* **Exercise**: A word-for-word copy of the records below is needed, without the images.

* **Data to process**:
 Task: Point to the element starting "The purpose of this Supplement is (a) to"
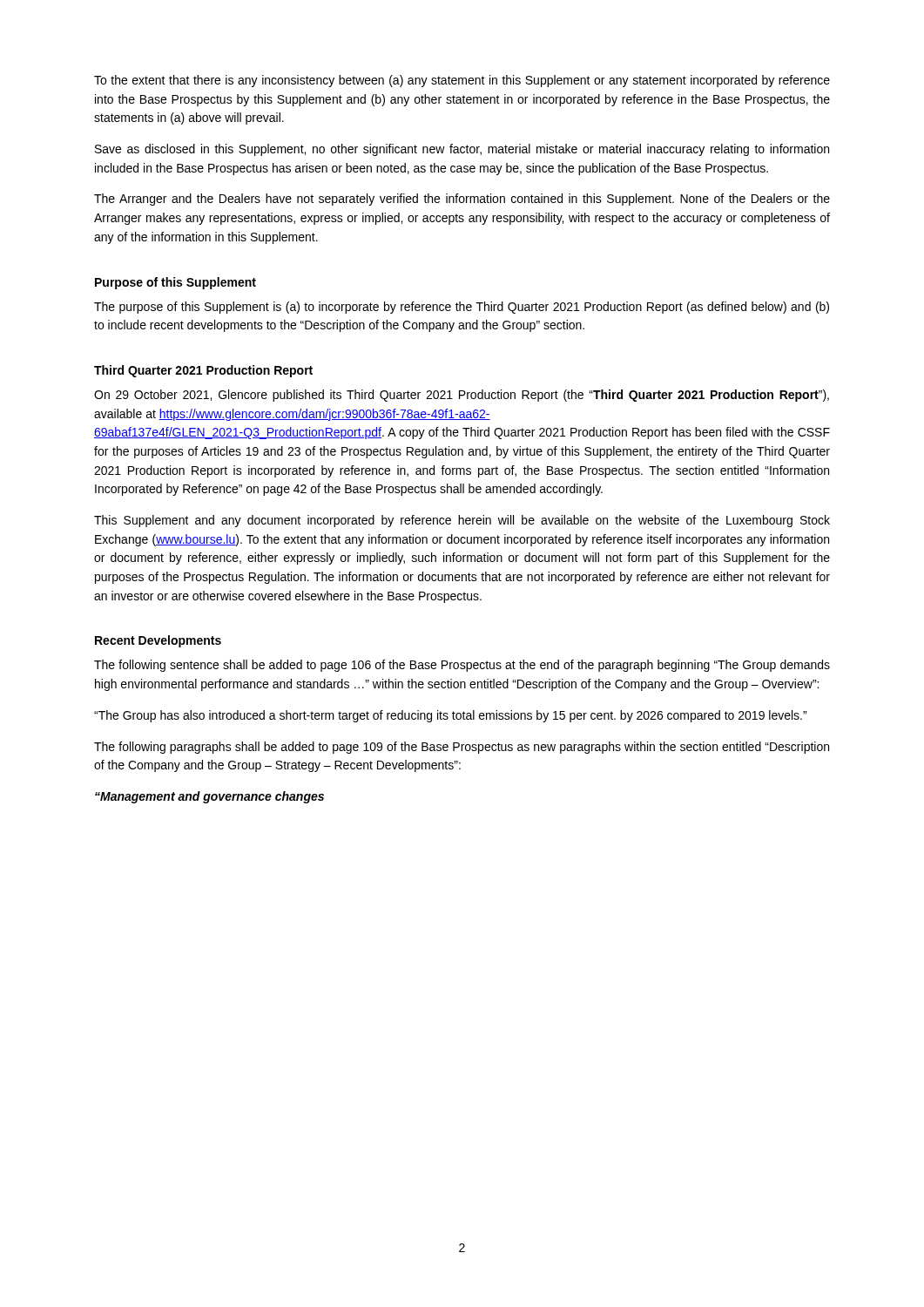(462, 316)
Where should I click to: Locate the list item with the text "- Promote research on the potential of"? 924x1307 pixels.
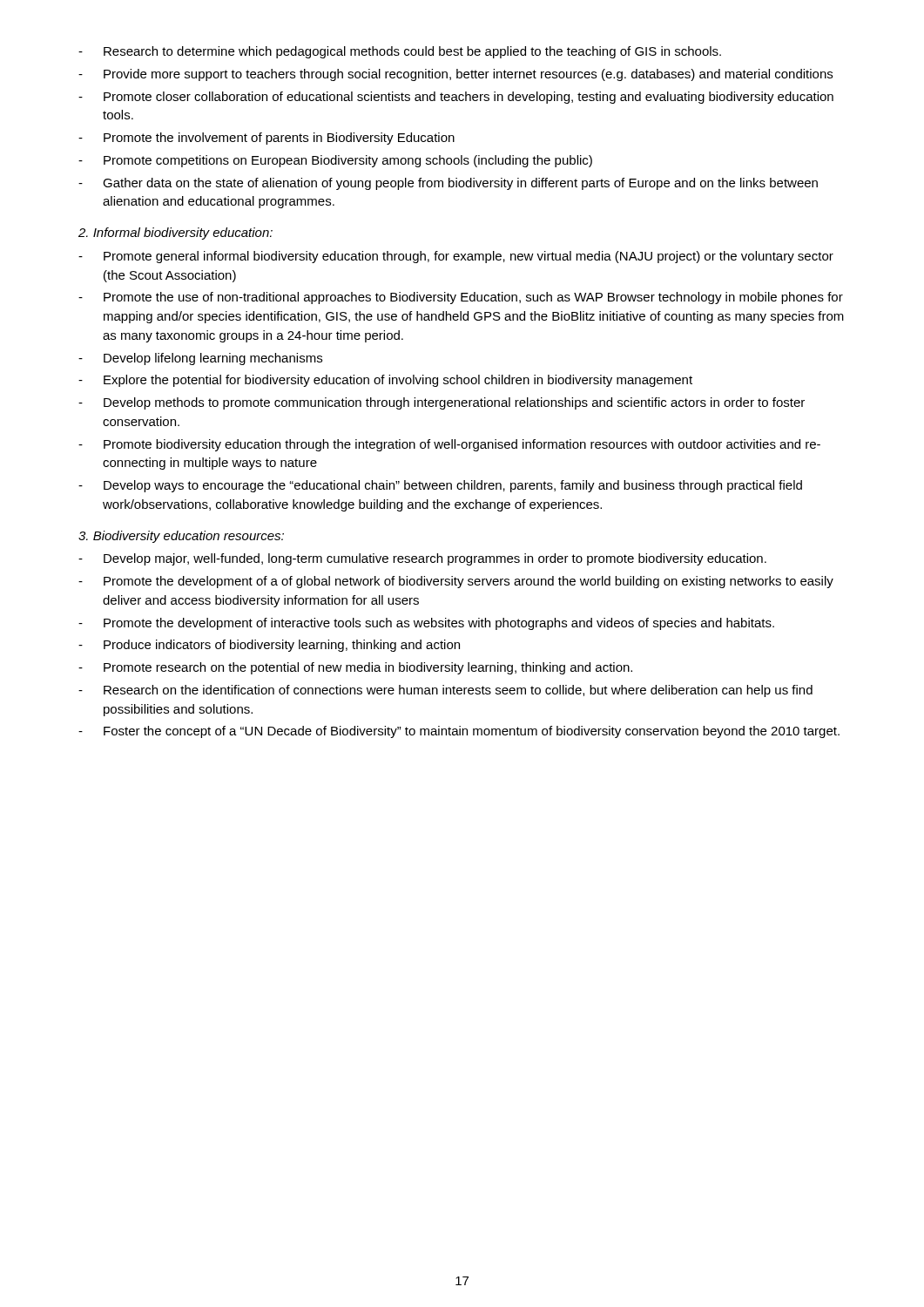coord(462,667)
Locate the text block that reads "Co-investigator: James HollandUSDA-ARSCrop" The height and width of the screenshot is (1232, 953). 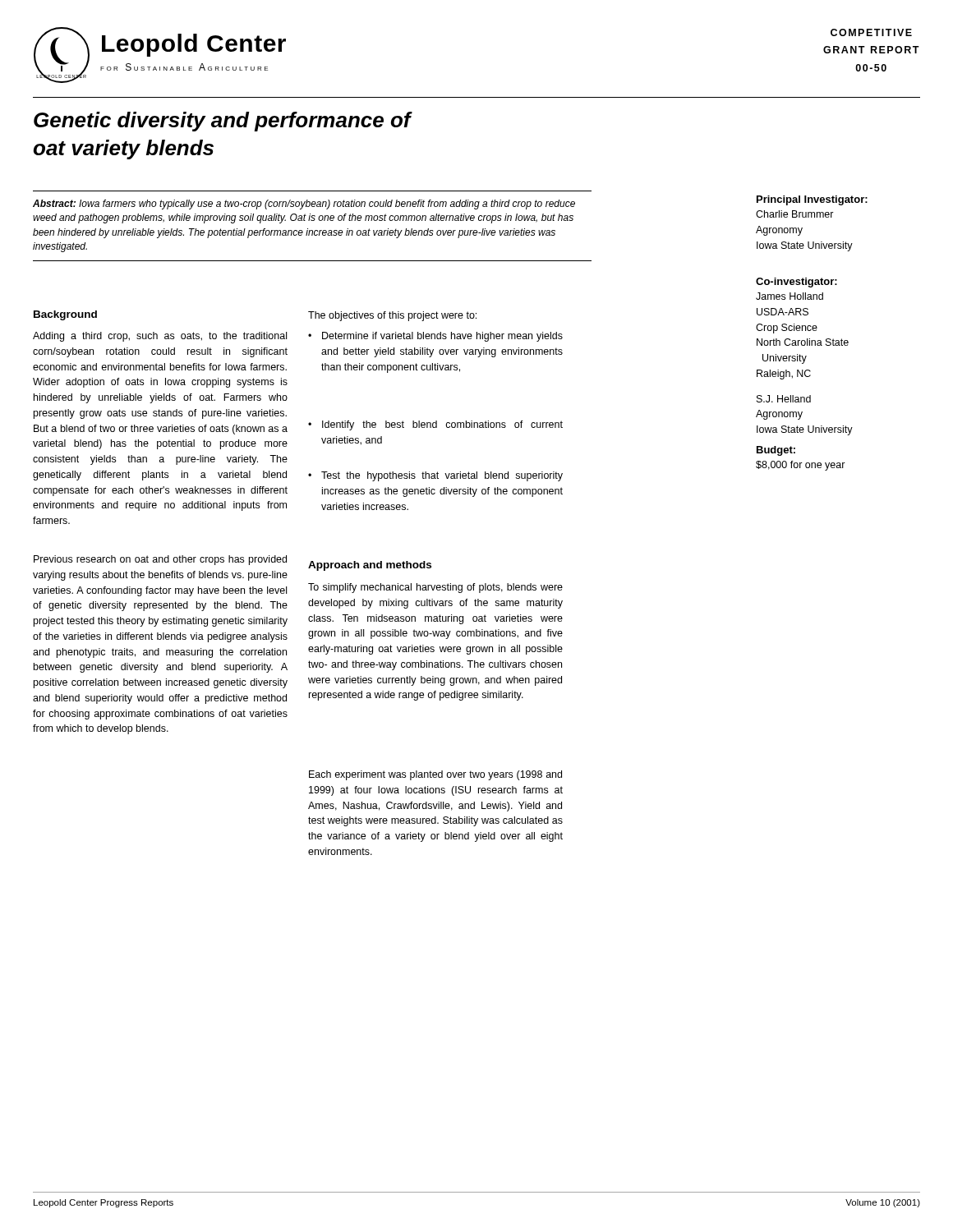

* **Response for this exercise**:
 Task: Point to the element starting "The purpose of this Supplement is (a) to"
(462, 316)
Where should I click to: Locate the list item with the text "- Promote research on the potential of"? 924x1307 pixels.
coord(462,667)
Locate the text block that reads "Co-investigator: James HollandUSDA-ARSCrop" The height and width of the screenshot is (1232, 953). 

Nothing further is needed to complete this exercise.